* **Exercise description**
The exercise calls for exact output of the lines between the one that contains "Convert code to" and the end of the data, with both ends kept and pictures left out.

Source records

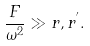Convert formula to latex. <formula><loc_0><loc_0><loc_500><loc_500>\frac { F } { \omega ^ { 2 } } \gg r , r ^ { ^ { \prime } } .</formula> 
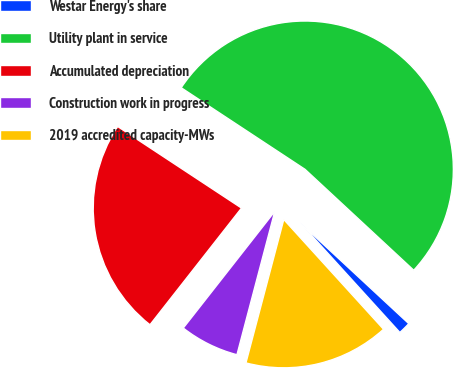<chart> <loc_0><loc_0><loc_500><loc_500><pie_chart><fcel>Westar Energy's share<fcel>Utility plant in service<fcel>Accumulated depreciation<fcel>Construction work in progress<fcel>2019 accredited capacity-MWs<nl><fcel>1.35%<fcel>52.64%<fcel>23.69%<fcel>6.48%<fcel>15.85%<nl></chart> 
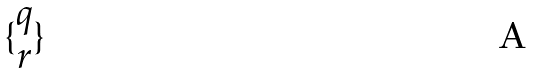Convert formula to latex. <formula><loc_0><loc_0><loc_500><loc_500>\{ \begin{matrix} q \\ r \end{matrix} \}</formula> 
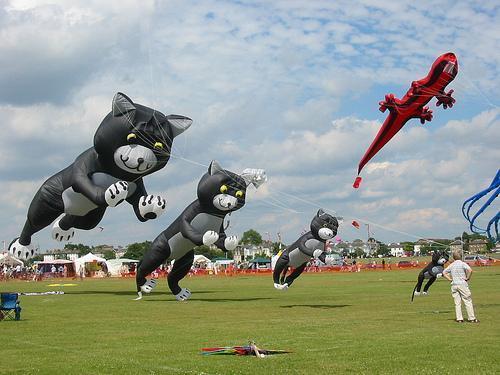How many cat balloons are there?
Give a very brief answer. 4. How many kites are there?
Give a very brief answer. 4. How many giraffes are in this photo?
Give a very brief answer. 0. 
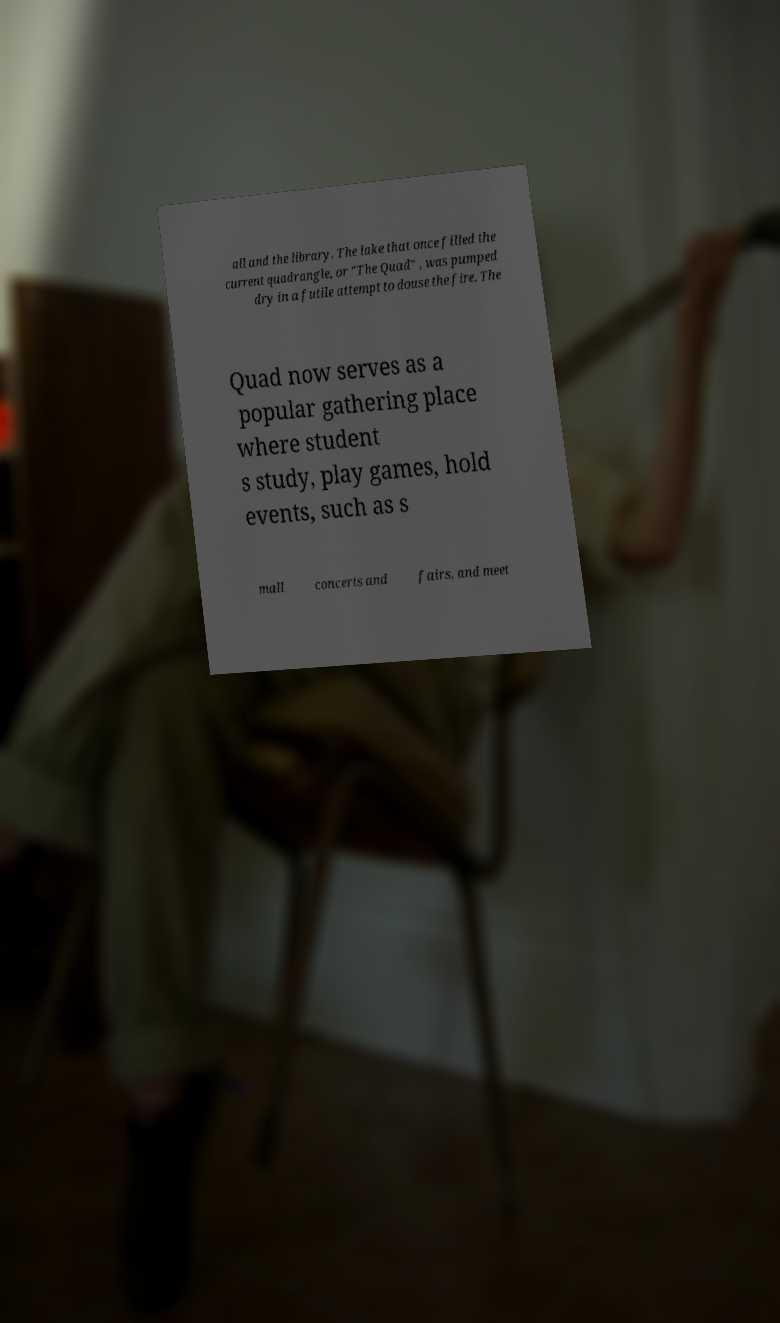Please read and relay the text visible in this image. What does it say? all and the library. The lake that once filled the current quadrangle, or "The Quad" , was pumped dry in a futile attempt to douse the fire. The Quad now serves as a popular gathering place where student s study, play games, hold events, such as s mall concerts and fairs, and meet 
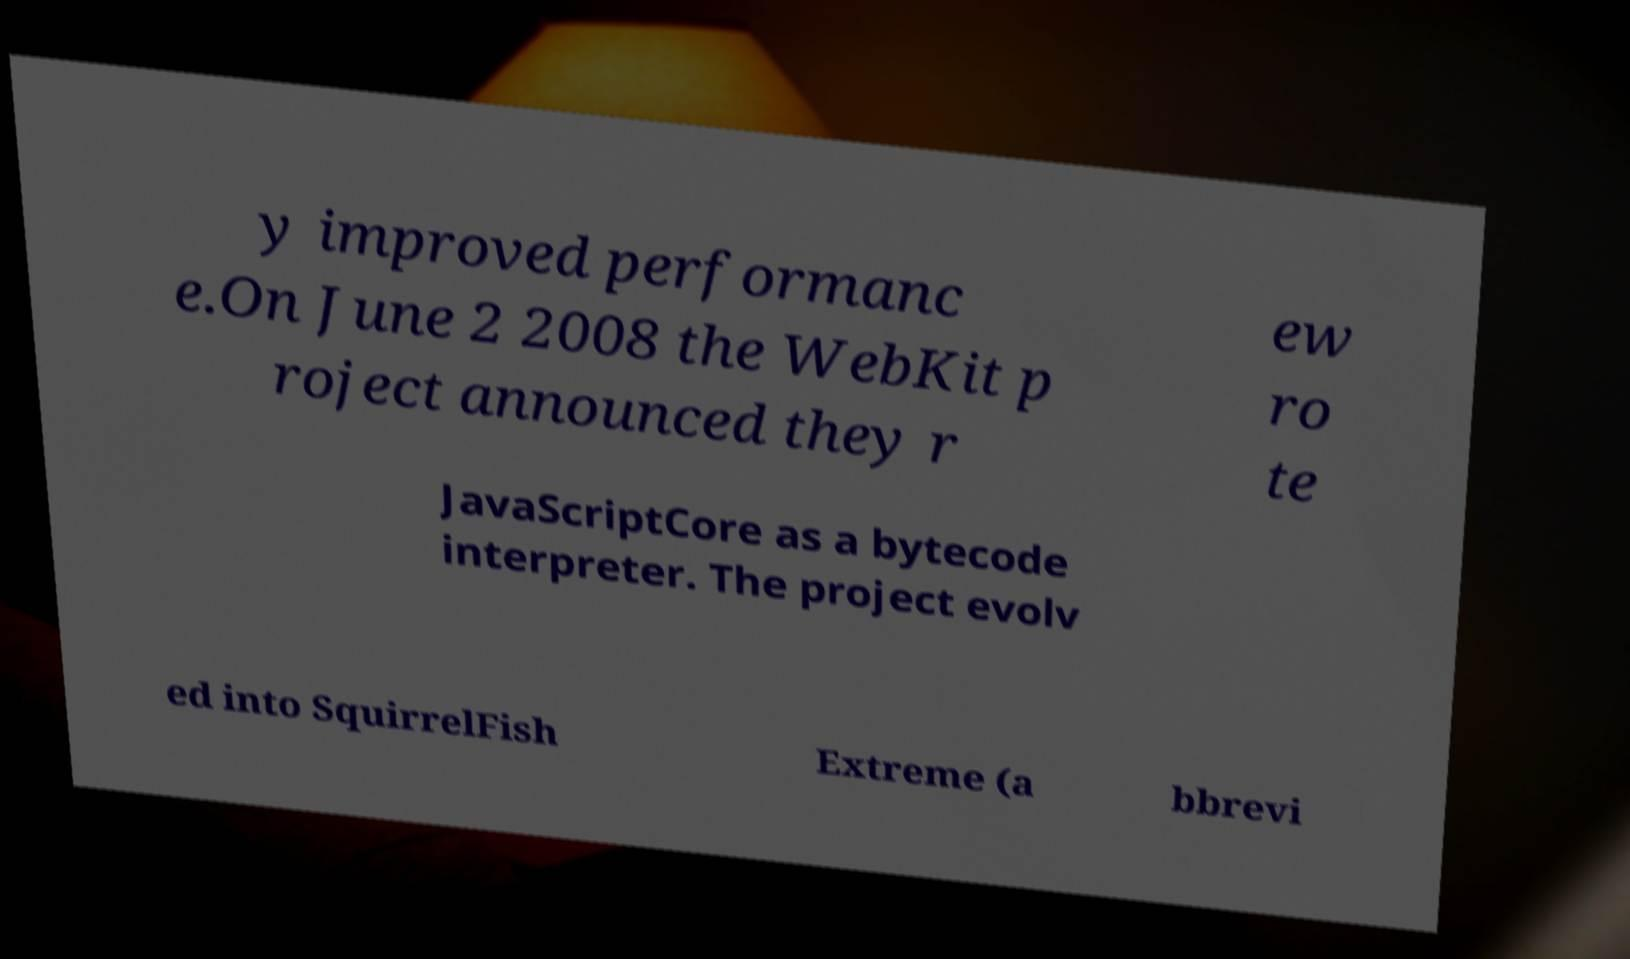Can you read and provide the text displayed in the image?This photo seems to have some interesting text. Can you extract and type it out for me? y improved performanc e.On June 2 2008 the WebKit p roject announced they r ew ro te JavaScriptCore as a bytecode interpreter. The project evolv ed into SquirrelFish Extreme (a bbrevi 
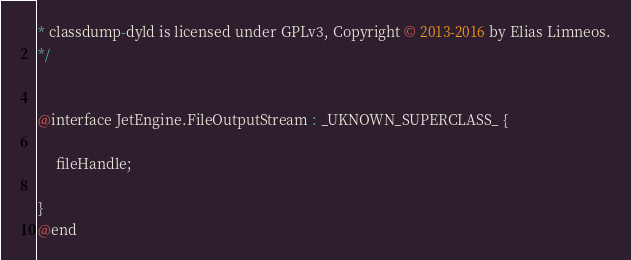Convert code to text. <code><loc_0><loc_0><loc_500><loc_500><_C_>* classdump-dyld is licensed under GPLv3, Copyright © 2013-2016 by Elias Limneos.
*/


@interface JetEngine.FileOutputStream : _UKNOWN_SUPERCLASS_ {

	 fileHandle;

}
@end

</code> 
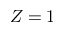<formula> <loc_0><loc_0><loc_500><loc_500>Z = 1</formula> 
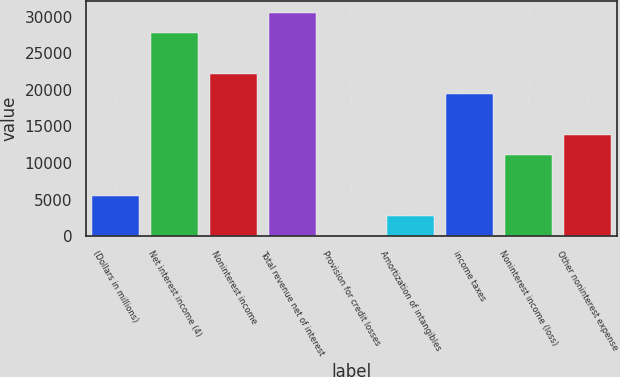Convert chart to OTSL. <chart><loc_0><loc_0><loc_500><loc_500><bar_chart><fcel>(Dollars in millions)<fcel>Net interest income (4)<fcel>Noninterest income<fcel>Total revenue net of interest<fcel>Provision for credit losses<fcel>Amortization of intangibles<fcel>income taxes<fcel>Noninterest income (loss)<fcel>Other noninterest expense<nl><fcel>5556.2<fcel>27773<fcel>22218.8<fcel>30550.1<fcel>2<fcel>2779.1<fcel>19441.7<fcel>11110.4<fcel>13887.5<nl></chart> 
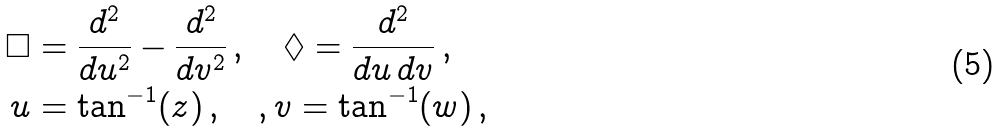<formula> <loc_0><loc_0><loc_500><loc_500>\Box & = \frac { d ^ { 2 } } { d u ^ { 2 } } - \frac { d ^ { 2 } } { d v ^ { 2 } } \, , \quad \Diamond = \frac { d ^ { 2 } } { d u \, d v } \, , \\ u & = \tan ^ { - 1 } ( z ) \, , \quad , v = \tan ^ { - 1 } ( w ) \, ,</formula>

* **Answer for the task**
Convert code to text. <code><loc_0><loc_0><loc_500><loc_500><_C_>* classdump-dyld is licensed under GPLv3, Copyright © 2013-2016 by Elias Limneos.
*/


@interface JetEngine.FileOutputStream : _UKNOWN_SUPERCLASS_ {

	 fileHandle;

}
@end

</code> 
<formula> <loc_0><loc_0><loc_500><loc_500>Z = 1</formula> 
Convert chart to OTSL. <chart><loc_0><loc_0><loc_500><loc_500><bar_chart><fcel>(Dollars in millions)<fcel>Net interest income (4)<fcel>Noninterest income<fcel>Total revenue net of interest<fcel>Provision for credit losses<fcel>Amortization of intangibles<fcel>income taxes<fcel>Noninterest income (loss)<fcel>Other noninterest expense<nl><fcel>5556.2<fcel>27773<fcel>22218.8<fcel>30550.1<fcel>2<fcel>2779.1<fcel>19441.7<fcel>11110.4<fcel>13887.5<nl></chart> 
<formula> <loc_0><loc_0><loc_500><loc_500>\Box & = \frac { d ^ { 2 } } { d u ^ { 2 } } - \frac { d ^ { 2 } } { d v ^ { 2 } } \, , \quad \Diamond = \frac { d ^ { 2 } } { d u \, d v } \, , \\ u & = \tan ^ { - 1 } ( z ) \, , \quad , v = \tan ^ { - 1 } ( w ) \, ,</formula>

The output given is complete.